Sorry, but one drink from Norway refuses to call it off until you take her across the planet in a long voyage.

Meet the Norwegian drink, Linie Aquavit.

Though Aquavit, which means ‘water of life’ in Norwegian, is common all across the Scandinavian countries, this particular strain of the drink, Linie, is one off by the peculiarity by which it is made.

Before learning about the weird processes of creating the aquavit that smacks of some Viking ritual, you must know that there was a time when it lived a drab life as any other drink. 

Norwegians drank it during holidays and celebrations. And sent the rest in sherry casks far away to regions basking under the tropical sun.

Thus in 1805, Heinrich Meincke and his sister Catherina Lysholm, loaded a brig with stockfish, ham, cheese and a few casks of aquavit, distilled from potato, they had their eyes set on the prospects of selling a few kicks to the distant country, Indonesia.

What they didn’t know at the time was that the drinking habits of Indonesians were different. The Asian country did not warm itself to the new cargo that had arrived from Scandinavia. The casks were promptly returned to their home. As soon as the brig reached back the Norwegian shore with the aquavit, they extracted the barrels and sampled the content, fearing, that the drink was spoiled.


The magic had happened! The siblings found that there occurred a sea change in the taste of the aquavit that came back from Indonesia. This was different! Yummier! 

What could have unlocked the hidden chambers of taste in the aquavit they were so familiar with? They looked at the ocean.

So in 1891, as soon as Jrgen Lysholm, the nephew of the siblings who sent the first batch of aquavit abroad and got it back, founded his first distillery he sent a few barrels of aquavit across the ocean. 

There was absolutely no other destination for the aquavit on the ship’s deck. It only had to travel. And return. The journey was its destination.

Two hundred years have passed since the first voyage of aquavit. Come to Norway now. You may catch in its ports a few ships, waiting with their decks lined up with casks of aquavit. They are all set for the transatlantic voyage, to take their contents two times across the line (Linie means line in Norwegian, the equator).

In the next four and half months, the ships will take them to the distant shores of Australia, brush past 35 countries and cross the equator two times, before their prow turn homebound.

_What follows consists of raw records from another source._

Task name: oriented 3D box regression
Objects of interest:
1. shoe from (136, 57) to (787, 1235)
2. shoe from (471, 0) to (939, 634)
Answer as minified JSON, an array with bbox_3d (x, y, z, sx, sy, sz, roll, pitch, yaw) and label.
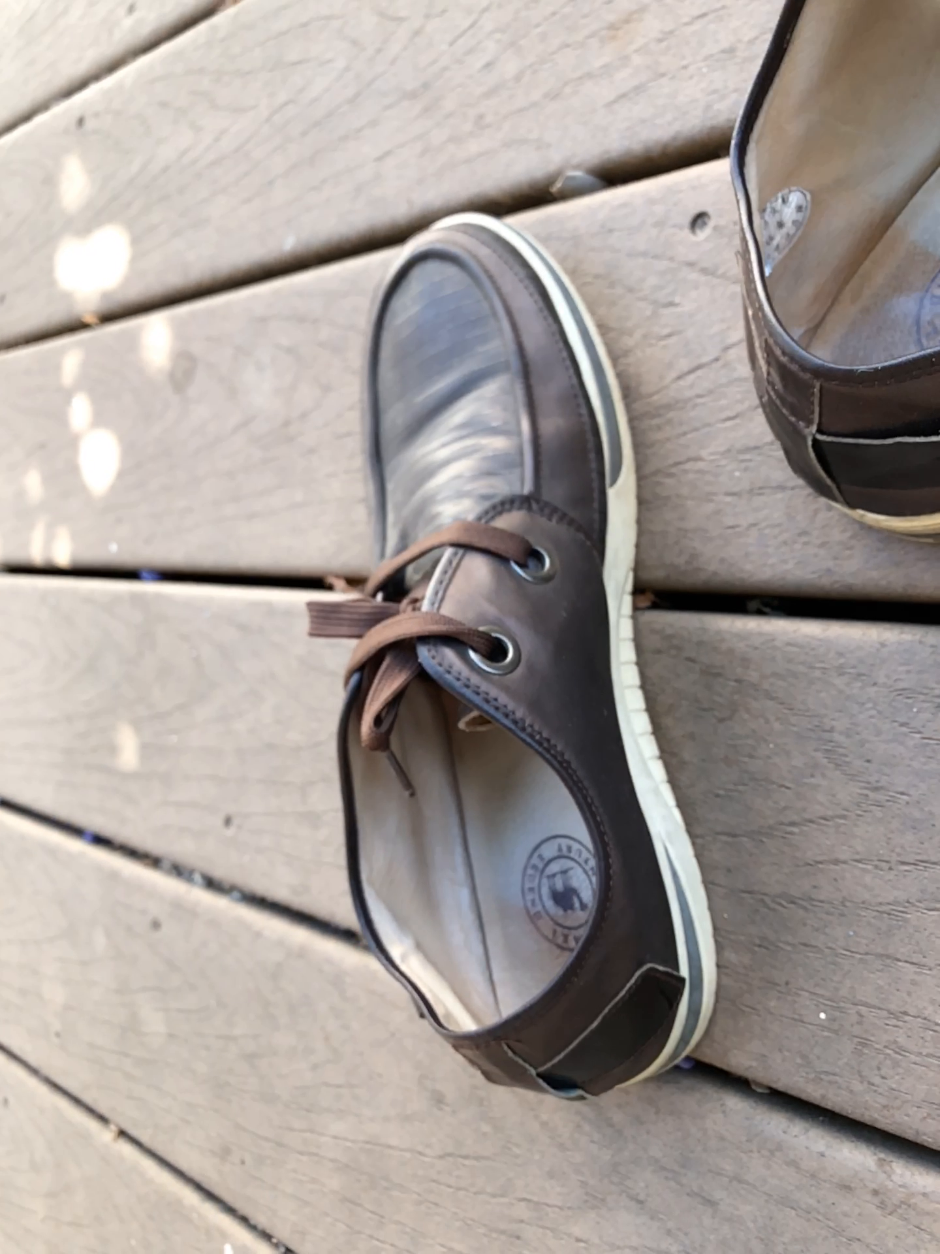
[{"bbox_3d":[-0.011,0.004,0.337,0.111,0.116,0.302,-21,73,39],"label":"shoe"},{"bbox_3d":[0.146,-0.153,0.207,0.110,0.116,0.304,50,118,32],"label":"shoe"}]
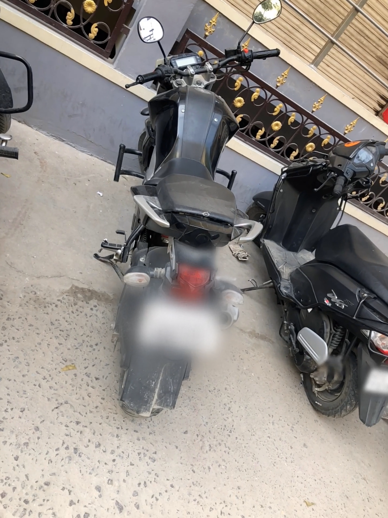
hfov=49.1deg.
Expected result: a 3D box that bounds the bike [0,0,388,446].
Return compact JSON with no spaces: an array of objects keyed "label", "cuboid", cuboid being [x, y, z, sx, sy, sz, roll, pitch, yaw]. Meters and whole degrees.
[{"label":"bike","cuboid":[-0.204,-0.462,1.787,0.693,1.197,1.765,23,33,-25]}]
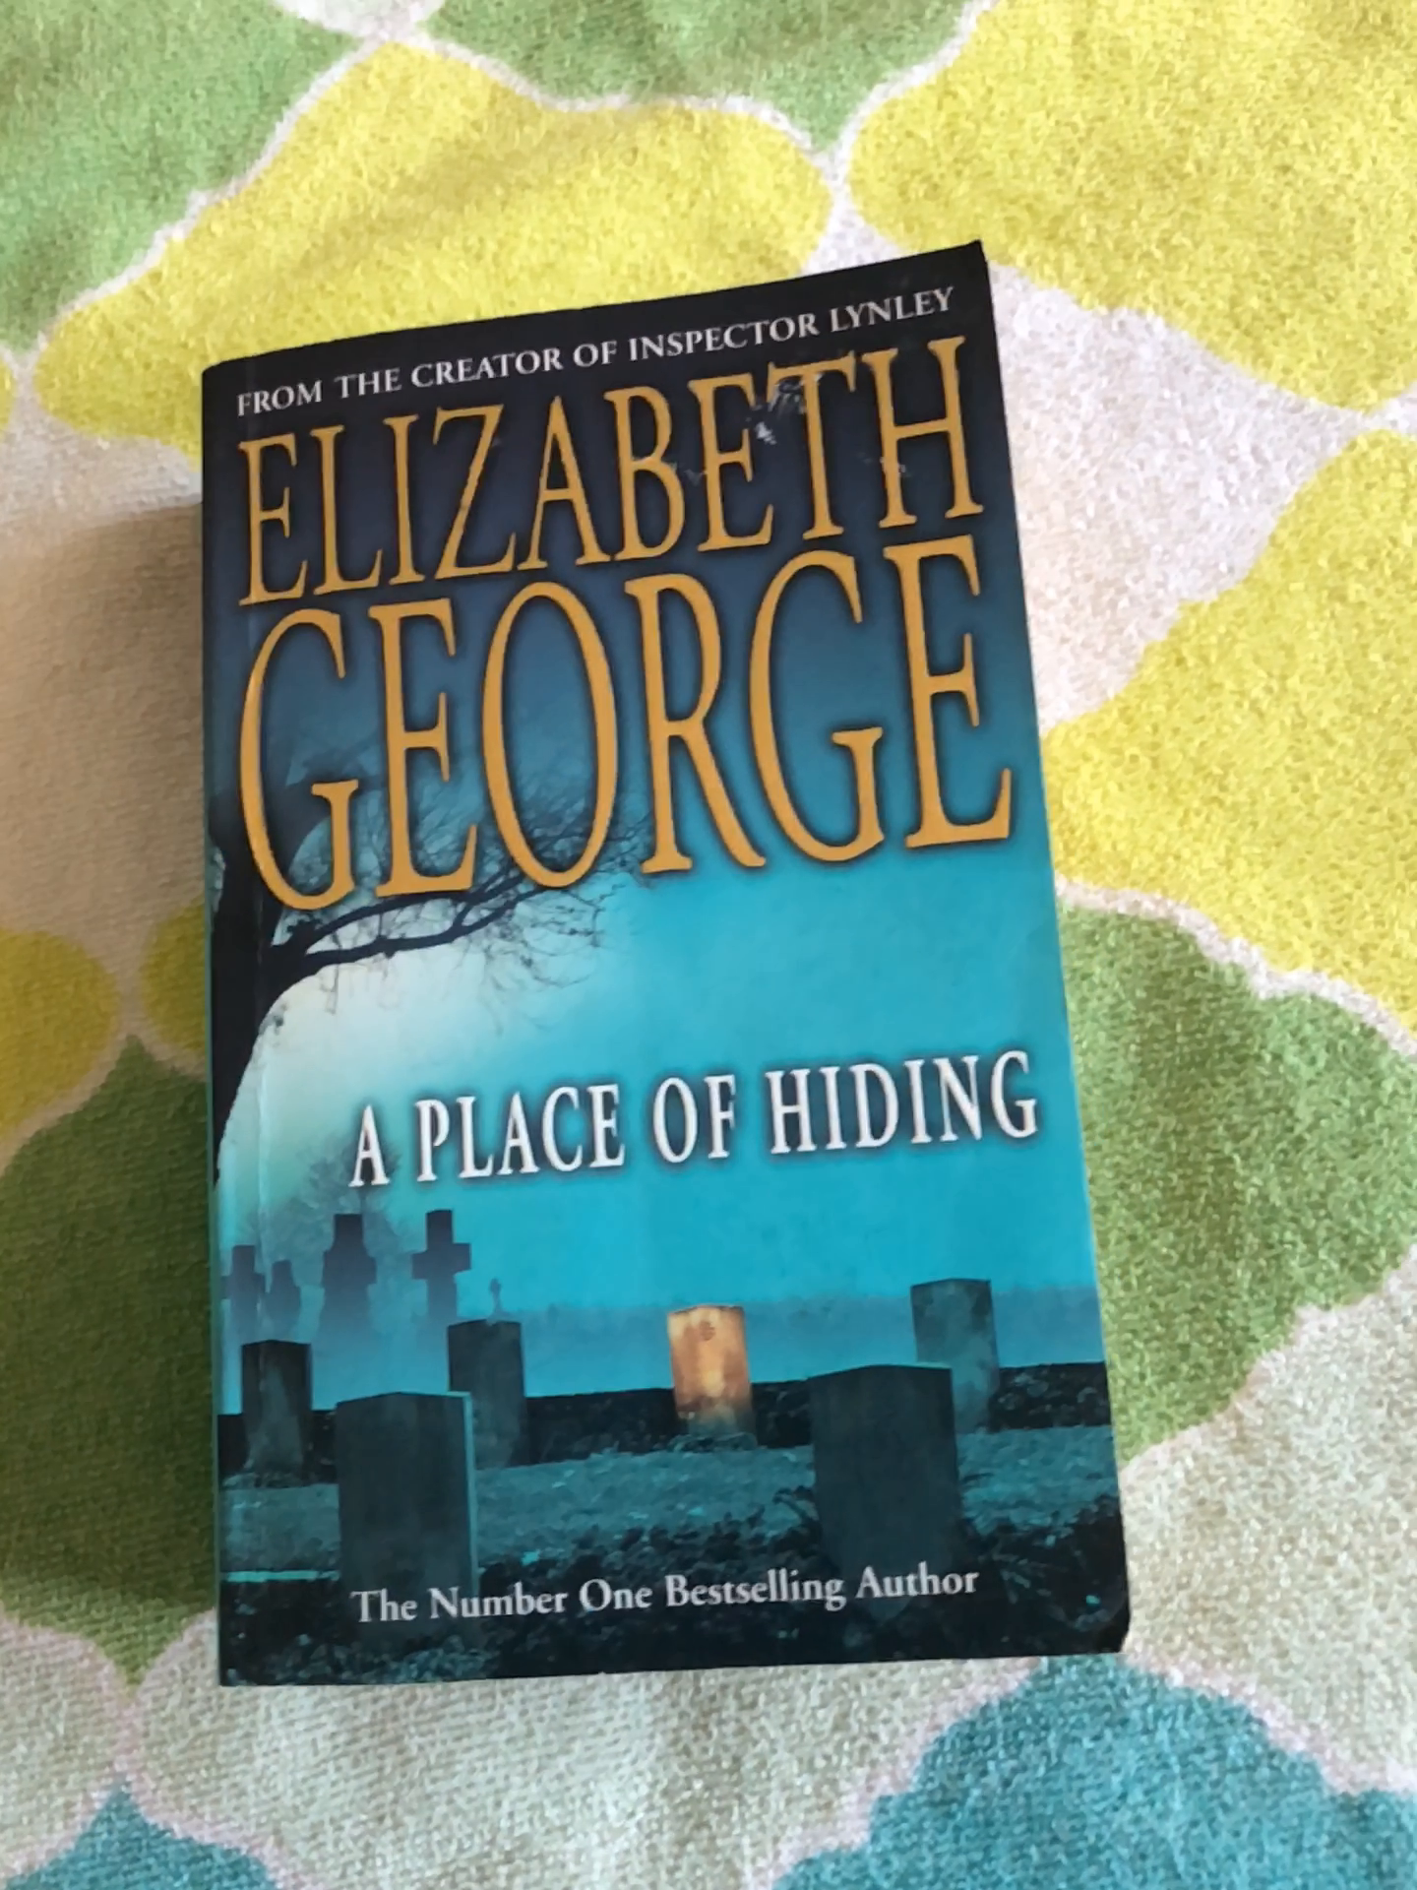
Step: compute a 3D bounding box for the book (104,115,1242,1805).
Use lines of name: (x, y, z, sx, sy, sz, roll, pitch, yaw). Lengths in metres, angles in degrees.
book: (-0.009, -0.001, 0.241, 0.130, 0.070, 0.210, -5, 83, 0)
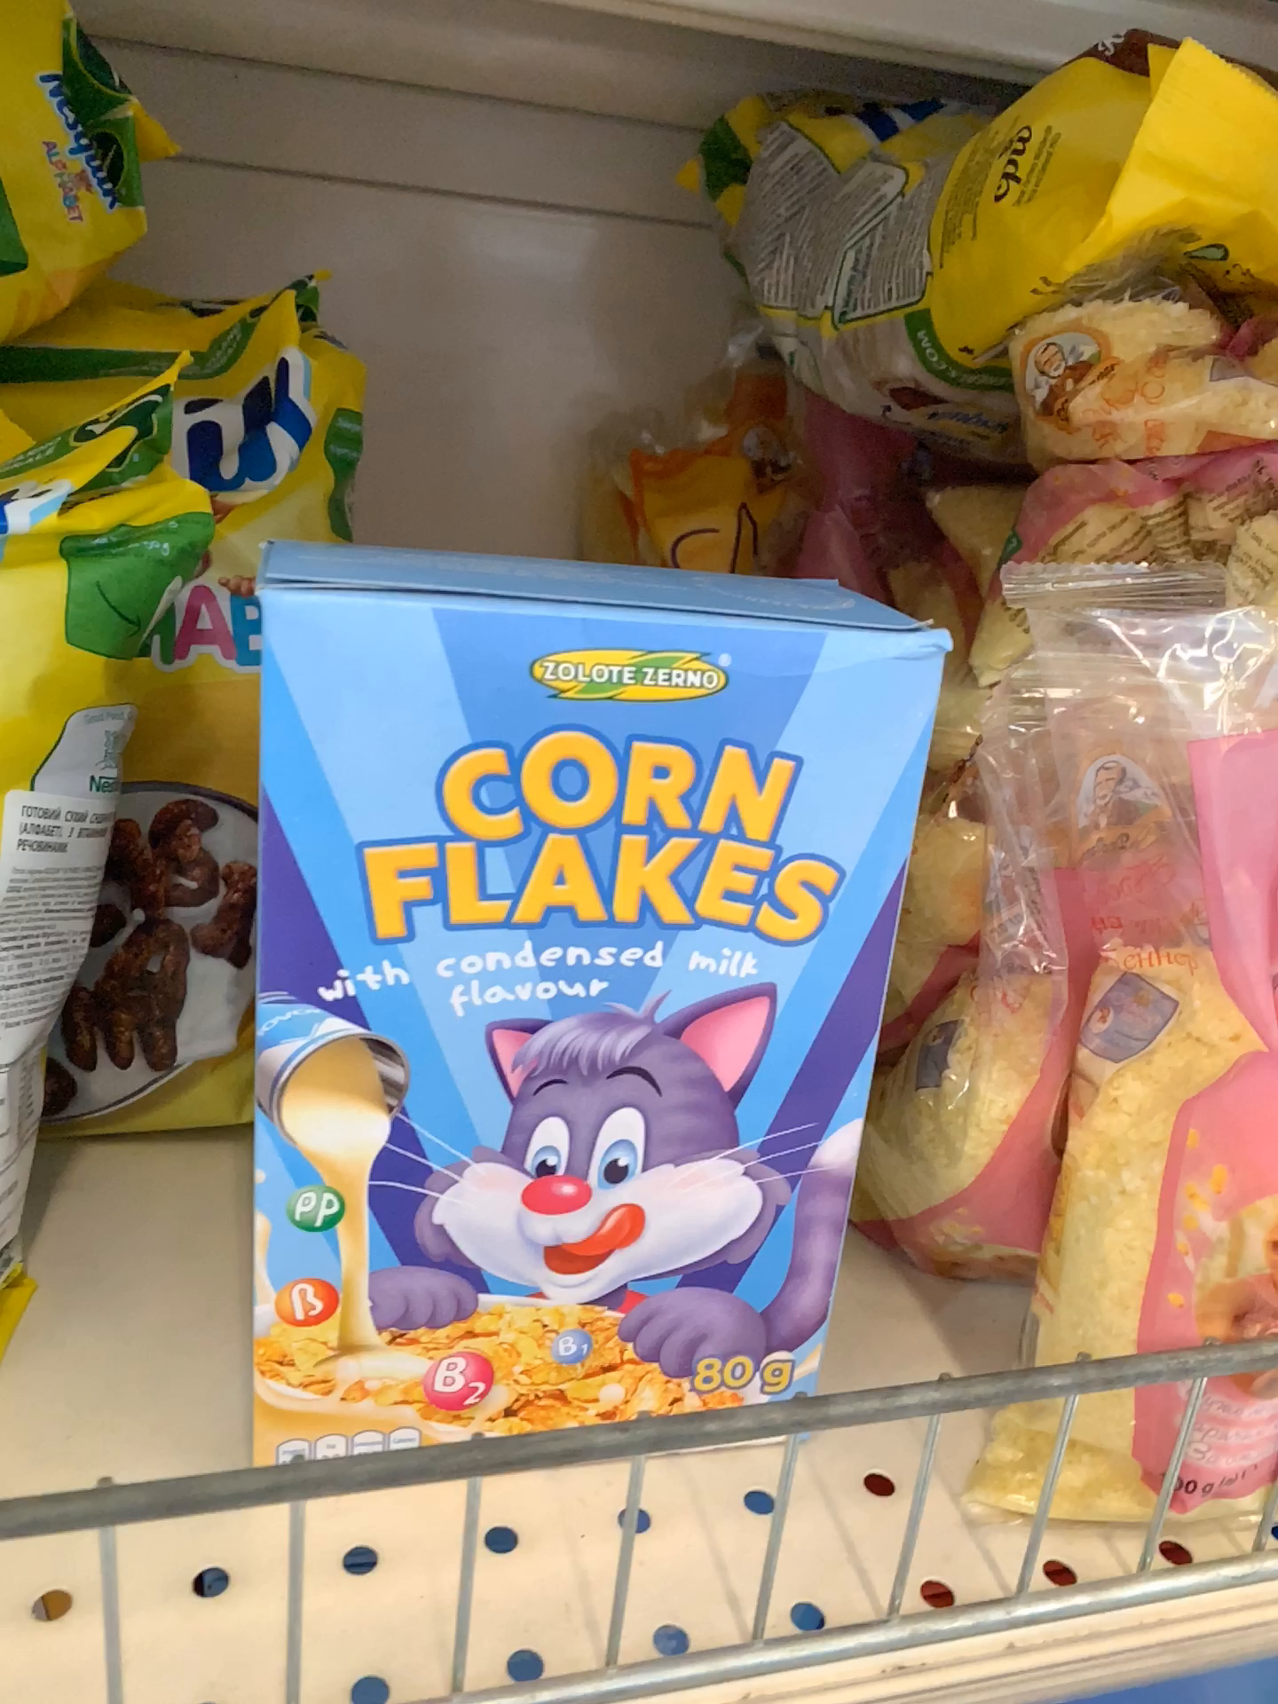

By the time the ships reach home, the liquid in the casks might have run through a range of seasons – the frigid Nordic winter storms to the tropical heat at the equator. The freezing cold in the south and the many chastising suns towards the equator would have mellowed the drink. The variations in temperature, the sea air and also the pitching of the ship over the brutal waves, which swirl the liquid in the casks, will all take their toll on the final taste of a bottle of aquavit.

Don’t believe this writer.

When you get a bottle of Linie Aquavit, read the log recorded on the back of its label. The detailed schedule of the journey it undertook, and ports where the ship had docked before it came to your hand are all noted in detail on it. Dates included.

Every sip is guaranteed to leave traces of a long voyage.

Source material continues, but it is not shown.